[[ RECORDS PROVIDED, beginning ]]

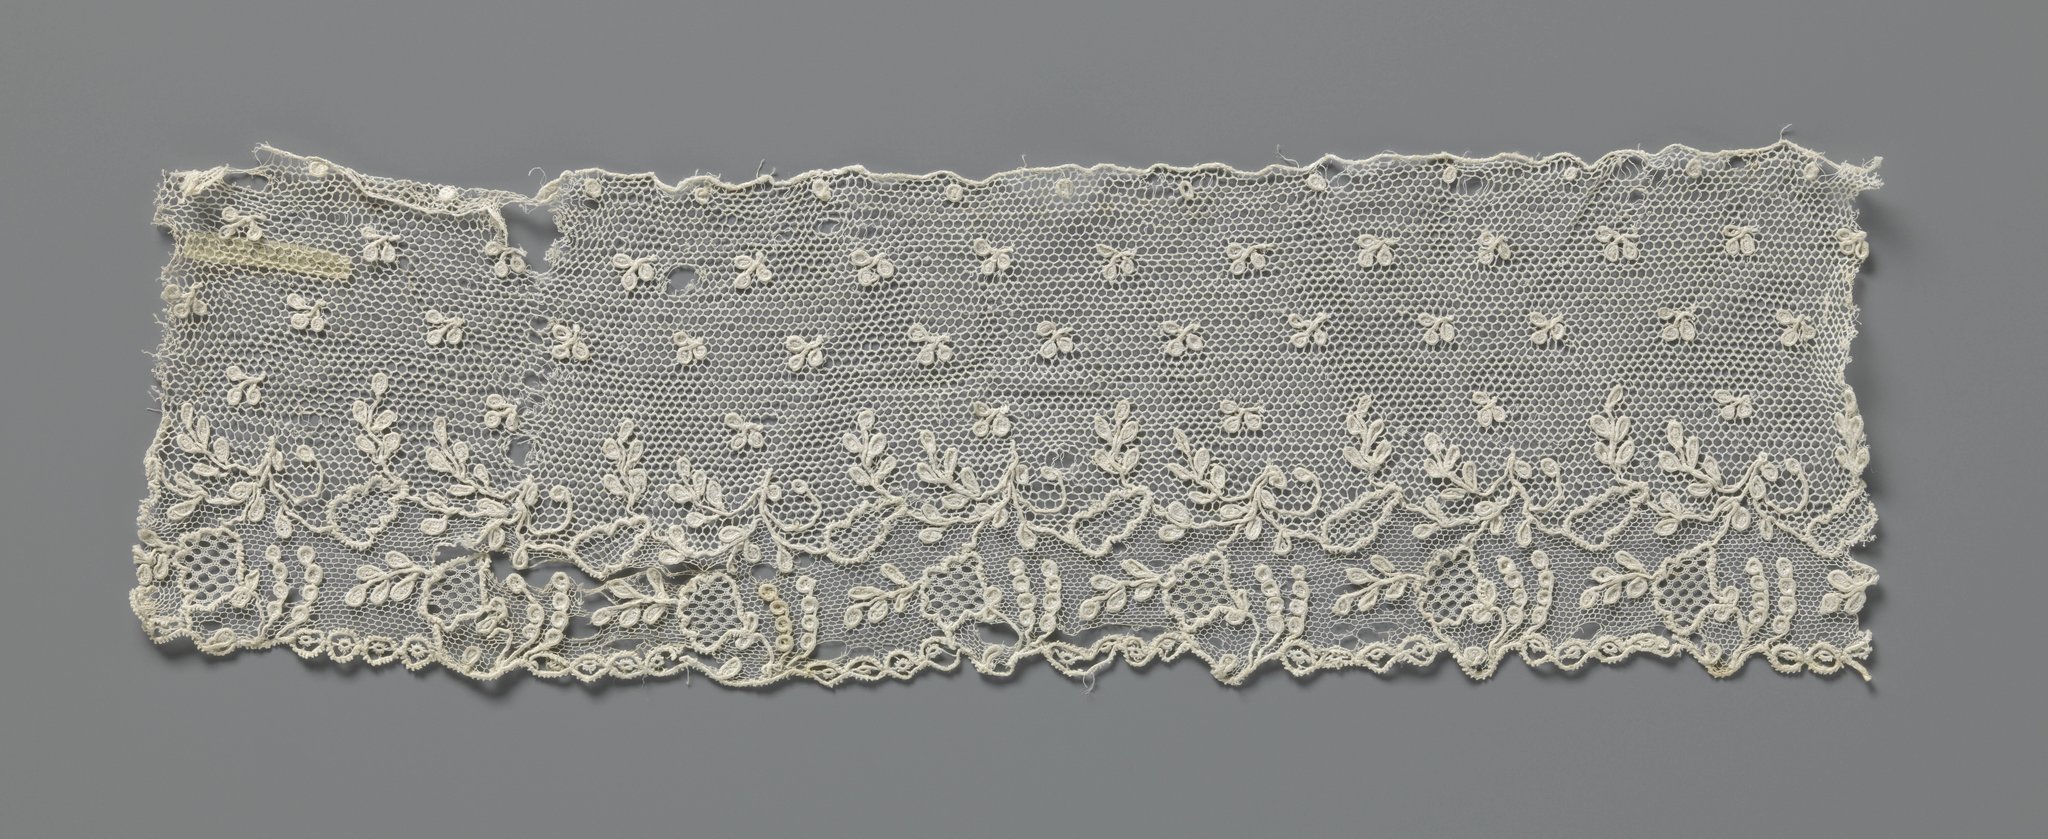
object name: strip
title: Strook naaldkant met klaverblaadjes en waaiervormige bloemen
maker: Anonymous
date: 1775-1799
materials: linen
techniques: lace
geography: alençon
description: Strook naturelkleurige naaldkant: heren-Alençon. Strooimotief met klaverblaadjes op een fijne zeshoekige maasgrond. Langs de bovenrand een rij moesjes. Het patroon aan de onderzijde van de strook bestaat uit een aaneenschakeling van bladertakken met pluimen. Daaronder waaiervormige bloemen die vanuit de onderrand ontspringen, gevuld met een siergrond. De onderzijde is afgewerkt met geschulpte rand van gepicoteerde cirkeltjes met daarin een raderpicot. De bovenzijde is afgewerkt met een rechte rand.

[[ RECORDS PROVIDED, end ]]

### [TASK DIRECTIONS]
Please give back all the records above word for word, with no pictures included.

### [WRITTEN SOLUTION]
object name: strip
title: Strook naaldkant met klaverblaadjes en waaiervormige bloemen
maker: Anonymous
date: 1775-1799
materials: linen
techniques: lace
geography: alençon
description: Strook naturelkleurige naaldkant: heren-Alençon. Strooimotief met klaverblaadjes op een fijne zeshoekige maasgrond. Langs de bovenrand een rij moesjes. Het patroon aan de onderzijde van de strook bestaat uit een aaneenschakeling van bladertakken met pluimen. Daaronder waaiervormige bloemen die vanuit de onderrand ontspringen, gevuld met een siergrond. De onderzijde is afgewerkt met geschulpte rand van gepicoteerde cirkeltjes met daarin een raderpicot. De bovenzijde is afgewerkt met een rechte rand.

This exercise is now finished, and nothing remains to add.